====== MATERIAL PROVIDED
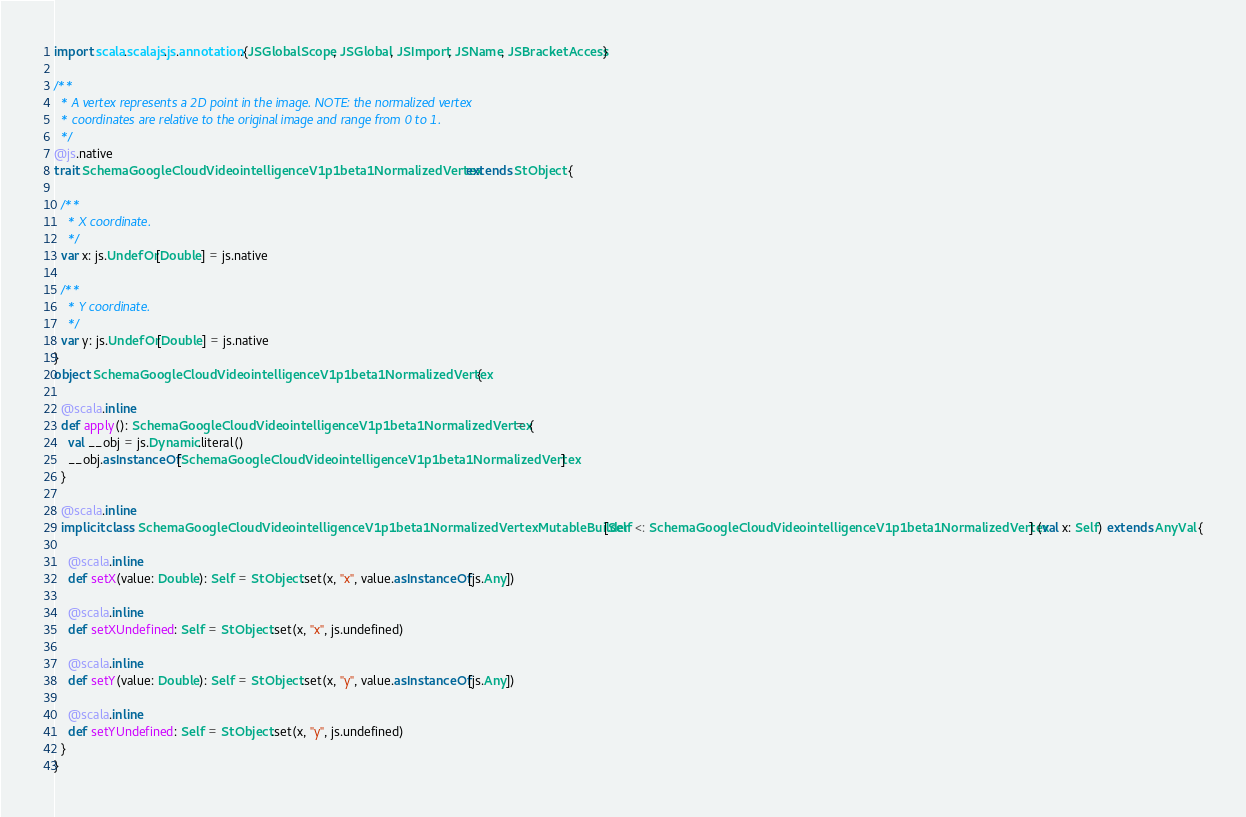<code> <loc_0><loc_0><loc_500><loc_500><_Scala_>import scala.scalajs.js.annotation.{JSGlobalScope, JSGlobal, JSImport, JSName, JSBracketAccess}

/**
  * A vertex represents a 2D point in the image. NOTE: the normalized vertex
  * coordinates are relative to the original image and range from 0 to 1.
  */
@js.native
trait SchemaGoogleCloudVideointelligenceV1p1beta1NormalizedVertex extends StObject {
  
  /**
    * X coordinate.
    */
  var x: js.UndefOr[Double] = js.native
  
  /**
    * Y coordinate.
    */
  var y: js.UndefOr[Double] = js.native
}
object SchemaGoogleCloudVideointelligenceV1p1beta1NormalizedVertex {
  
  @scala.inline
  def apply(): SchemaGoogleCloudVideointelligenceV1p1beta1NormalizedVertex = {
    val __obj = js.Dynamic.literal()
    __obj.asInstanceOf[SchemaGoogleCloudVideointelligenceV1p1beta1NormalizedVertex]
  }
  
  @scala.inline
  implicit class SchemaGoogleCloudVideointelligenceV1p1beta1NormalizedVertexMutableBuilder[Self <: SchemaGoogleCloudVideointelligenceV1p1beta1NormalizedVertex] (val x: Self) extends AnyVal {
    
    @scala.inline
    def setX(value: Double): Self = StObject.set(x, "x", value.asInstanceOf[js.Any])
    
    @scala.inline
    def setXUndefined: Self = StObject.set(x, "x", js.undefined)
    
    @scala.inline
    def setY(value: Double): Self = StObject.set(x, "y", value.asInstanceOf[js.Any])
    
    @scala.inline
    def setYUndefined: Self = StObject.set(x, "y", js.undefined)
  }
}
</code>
============
====== MATERIAL PROVIDED
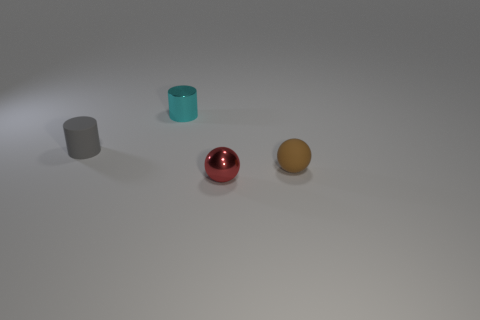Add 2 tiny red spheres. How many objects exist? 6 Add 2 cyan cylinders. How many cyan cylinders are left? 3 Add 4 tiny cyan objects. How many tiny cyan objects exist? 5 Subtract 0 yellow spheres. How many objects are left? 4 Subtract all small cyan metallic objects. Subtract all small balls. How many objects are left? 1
============
### PROMPT
What is needed is a copy of every line above in which "Double" appears.

### TASK RESULT
  var x: js.UndefOr[Double] = js.native
  var y: js.UndefOr[Double] = js.native
    def setX(value: Double): Self = StObject.set(x, "x", value.asInstanceOf[js.Any])
    def setY(value: Double): Self = StObject.set(x, "y", value.asInstanceOf[js.Any])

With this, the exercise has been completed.